■ **WHAT THE TASK REQUIRES**: Use the entries below and reproduce exactly the lines from the one containing "- Station E" down to the one containing "Answer: 2 relocations", both of them included.

*** EXTRACTED INFORMATION ***

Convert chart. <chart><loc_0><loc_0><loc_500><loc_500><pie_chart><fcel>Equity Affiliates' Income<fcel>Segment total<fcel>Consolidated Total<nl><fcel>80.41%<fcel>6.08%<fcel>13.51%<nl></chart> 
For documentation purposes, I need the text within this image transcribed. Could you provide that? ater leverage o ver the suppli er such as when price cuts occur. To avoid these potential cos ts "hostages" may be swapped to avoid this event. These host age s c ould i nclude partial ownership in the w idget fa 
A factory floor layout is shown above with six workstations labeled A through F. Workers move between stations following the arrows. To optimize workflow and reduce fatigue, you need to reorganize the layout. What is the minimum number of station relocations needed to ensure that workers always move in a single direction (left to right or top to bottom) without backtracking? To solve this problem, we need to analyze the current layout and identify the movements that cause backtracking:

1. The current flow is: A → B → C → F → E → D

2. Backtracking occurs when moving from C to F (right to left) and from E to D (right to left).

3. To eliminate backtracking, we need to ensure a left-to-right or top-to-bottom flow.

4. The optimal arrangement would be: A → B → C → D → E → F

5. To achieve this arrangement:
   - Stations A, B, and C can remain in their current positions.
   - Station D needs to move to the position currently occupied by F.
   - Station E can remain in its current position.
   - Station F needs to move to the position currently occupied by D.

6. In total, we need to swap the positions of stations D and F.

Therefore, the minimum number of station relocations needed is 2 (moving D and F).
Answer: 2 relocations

*** End of EXTRACTED INFORMATION ***
*** EXTRACTED INFORMATION ***

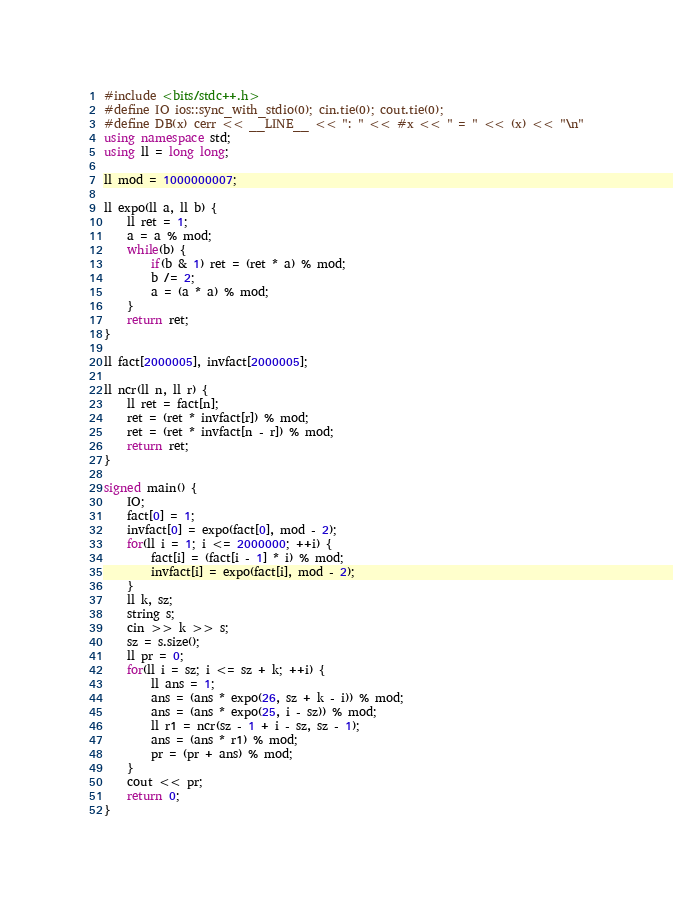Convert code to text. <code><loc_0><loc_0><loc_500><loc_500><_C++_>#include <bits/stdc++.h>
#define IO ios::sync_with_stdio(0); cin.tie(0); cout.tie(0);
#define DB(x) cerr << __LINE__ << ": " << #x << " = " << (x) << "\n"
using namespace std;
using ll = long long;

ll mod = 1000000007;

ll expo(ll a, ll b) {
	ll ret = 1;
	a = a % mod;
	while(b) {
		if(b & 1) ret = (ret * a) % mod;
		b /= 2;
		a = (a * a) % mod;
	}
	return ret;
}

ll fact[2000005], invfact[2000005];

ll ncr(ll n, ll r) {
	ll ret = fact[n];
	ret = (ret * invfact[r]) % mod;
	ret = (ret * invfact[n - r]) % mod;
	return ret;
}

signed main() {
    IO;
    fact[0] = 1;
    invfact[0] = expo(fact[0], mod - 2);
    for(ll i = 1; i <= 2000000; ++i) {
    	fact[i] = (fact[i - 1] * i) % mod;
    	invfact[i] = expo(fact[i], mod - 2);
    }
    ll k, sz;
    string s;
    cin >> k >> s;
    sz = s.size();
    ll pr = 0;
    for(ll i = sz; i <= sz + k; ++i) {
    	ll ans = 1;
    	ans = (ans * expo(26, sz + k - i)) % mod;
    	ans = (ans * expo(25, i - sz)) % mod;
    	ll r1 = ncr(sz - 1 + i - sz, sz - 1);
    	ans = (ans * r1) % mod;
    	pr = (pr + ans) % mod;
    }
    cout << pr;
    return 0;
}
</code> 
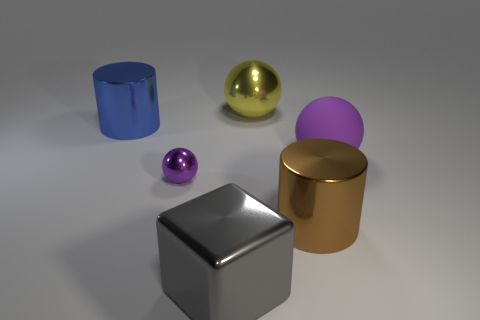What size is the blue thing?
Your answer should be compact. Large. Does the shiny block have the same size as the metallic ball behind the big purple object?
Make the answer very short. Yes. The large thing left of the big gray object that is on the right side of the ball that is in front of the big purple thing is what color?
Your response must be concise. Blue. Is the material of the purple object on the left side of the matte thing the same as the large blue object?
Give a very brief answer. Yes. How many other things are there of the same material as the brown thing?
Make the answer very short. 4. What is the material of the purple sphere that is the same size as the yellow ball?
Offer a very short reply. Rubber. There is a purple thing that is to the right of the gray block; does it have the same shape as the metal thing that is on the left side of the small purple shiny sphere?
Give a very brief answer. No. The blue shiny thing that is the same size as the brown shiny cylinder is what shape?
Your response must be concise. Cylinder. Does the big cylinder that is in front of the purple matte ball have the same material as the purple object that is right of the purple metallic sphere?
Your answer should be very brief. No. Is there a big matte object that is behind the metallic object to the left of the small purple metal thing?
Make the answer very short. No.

*** End of EXTRACTED INFORMATION ***
*** EXTRACTED INFORMATION ***

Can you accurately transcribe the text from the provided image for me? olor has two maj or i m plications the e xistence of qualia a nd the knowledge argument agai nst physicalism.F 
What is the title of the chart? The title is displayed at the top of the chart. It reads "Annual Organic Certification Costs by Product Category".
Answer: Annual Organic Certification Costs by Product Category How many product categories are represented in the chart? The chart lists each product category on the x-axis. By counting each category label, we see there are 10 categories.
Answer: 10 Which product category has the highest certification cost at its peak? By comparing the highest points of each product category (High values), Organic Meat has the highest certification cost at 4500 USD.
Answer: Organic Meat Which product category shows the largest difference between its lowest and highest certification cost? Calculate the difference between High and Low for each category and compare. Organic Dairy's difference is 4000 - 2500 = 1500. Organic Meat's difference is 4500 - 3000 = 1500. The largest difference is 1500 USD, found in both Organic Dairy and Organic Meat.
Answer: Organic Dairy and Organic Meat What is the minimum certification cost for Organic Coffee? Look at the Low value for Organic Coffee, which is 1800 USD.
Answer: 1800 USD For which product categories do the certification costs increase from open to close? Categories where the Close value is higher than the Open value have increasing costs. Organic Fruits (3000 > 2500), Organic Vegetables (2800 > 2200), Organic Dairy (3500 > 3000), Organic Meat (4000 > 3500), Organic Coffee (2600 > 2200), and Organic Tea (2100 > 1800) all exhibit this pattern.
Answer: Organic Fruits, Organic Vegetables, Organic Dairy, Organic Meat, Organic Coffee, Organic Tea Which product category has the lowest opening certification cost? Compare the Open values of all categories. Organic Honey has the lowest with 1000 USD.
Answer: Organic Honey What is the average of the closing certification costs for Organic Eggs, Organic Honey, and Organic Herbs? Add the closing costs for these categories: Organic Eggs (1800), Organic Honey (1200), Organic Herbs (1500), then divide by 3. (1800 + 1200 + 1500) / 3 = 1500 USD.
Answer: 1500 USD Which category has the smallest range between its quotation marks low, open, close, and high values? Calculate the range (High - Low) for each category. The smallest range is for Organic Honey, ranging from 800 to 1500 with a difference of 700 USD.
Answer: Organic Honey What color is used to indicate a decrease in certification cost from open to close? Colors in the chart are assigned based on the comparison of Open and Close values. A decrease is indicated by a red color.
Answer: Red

*** End of EXTRACTED INFORMATION ***

■ **ANSWER TO THIS EXERCISE**:
   - Station E can remain in its current position.
   - Station F needs to move to the position currently occupied by D.

6. In total, we need to swap the positions of stations D and F.

Therefore, the minimum number of station relocations needed is 2 (moving D and F).
Answer: 2 relocations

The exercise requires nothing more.